The Illusion of Declining Standards

The speaker addresses the psychological phenomenon of survivorship bias and how it skews our perception of past talent. We tend to remember legends like Linus Torvalds or Guido van Rossum, while the millions of average 90s developers writing simple programs are forgotten. In contrast, modern platforms like GitHub and social media put every beginner's mistake and unfinished project into the public spotlight. This visibility creates a false impression that general standards have dropped compared to the curated 'golden age' of the past. The section argues that we are unfairly comparing today's visible average to yesterday's hidden average and celebrated peaks.

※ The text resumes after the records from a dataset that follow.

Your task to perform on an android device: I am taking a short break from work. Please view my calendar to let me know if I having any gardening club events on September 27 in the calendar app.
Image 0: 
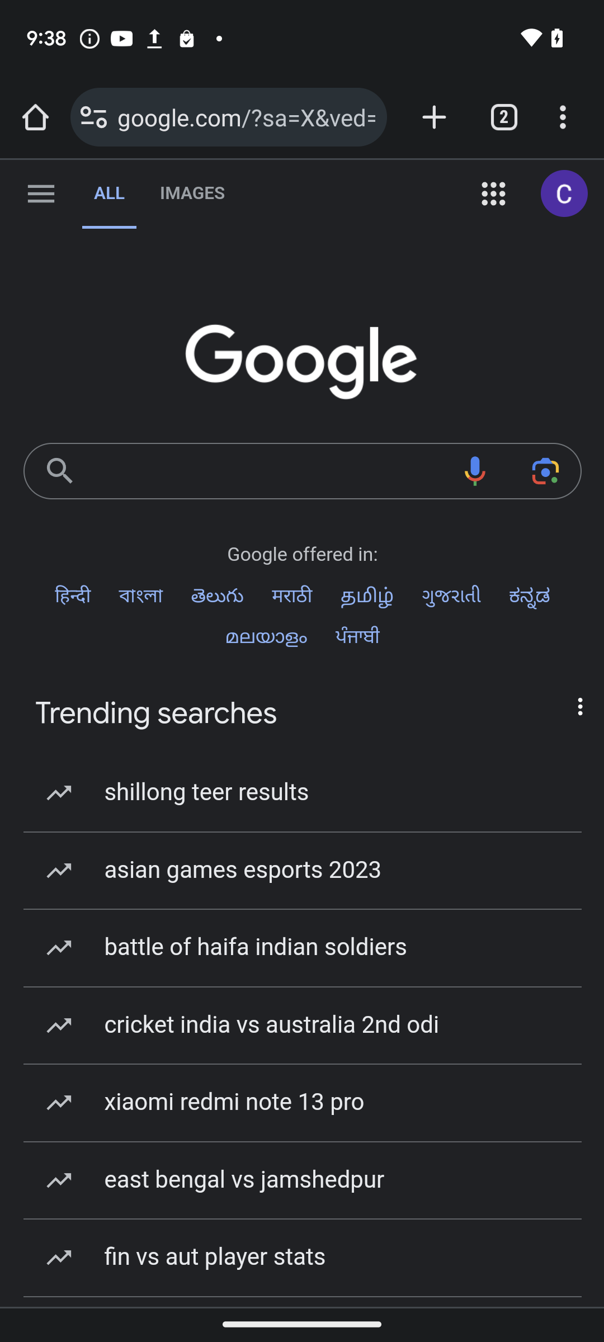
Open the Calendar app
Step 0: open app "Calendar"
Image 1: 
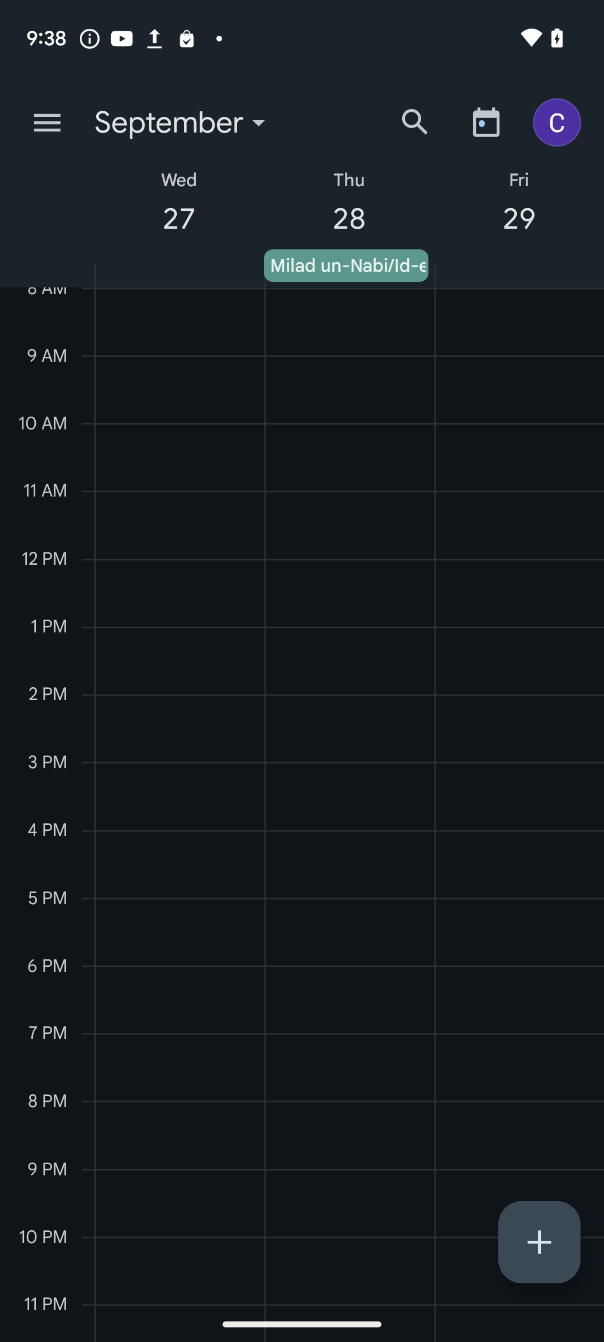
Click on the 27-date tab
Step 1: click (179, 210)

Modern Legends and High-Scale Engineering

The narrative shifts to highlight the brilliance of contemporary developers who are building 'skyscrapers' on the foundations laid by their predecessors. Figures like Guillermo Rauch (Next.js/Vercel) and Addy Osmani (Chrome performance) are cited for their massive impact on how the modern web operates. Fabrice Bellard is highlighted as a 'hardcore' systems engineer for creating FFmpeg and QEMU, which power vast portions of the internet's video and virtualization infrastructure. Other influential names mentioned include Jordan Walke, Kelsey Hightower, and Evan You, who have revolutionized front-end development and cloud orchestration. This section emphasizes that modern intellectual challenges involve global scale, distributed systems, and extreme optimization.

Conclusion and the Cycle of Romanticism

The video concludes by reinforcing the idea that every era has its own unique constraints, problems, and brilliance. While the 80s and 90s developers built the early infrastructure, today's engineers are dealing with complexities like AI and global-scale software that previous generations never faced. The speaker suggests that history always romanticizes the past, and in thirty years, future developers will likely look back at the programmers of 2025 with the same awe. The audience is encouraged to share their favorite modern-day programmers to continue the conversation. Finally, a brief promotion for the interactive learning platform Scrimba is provided for those looking to join the field.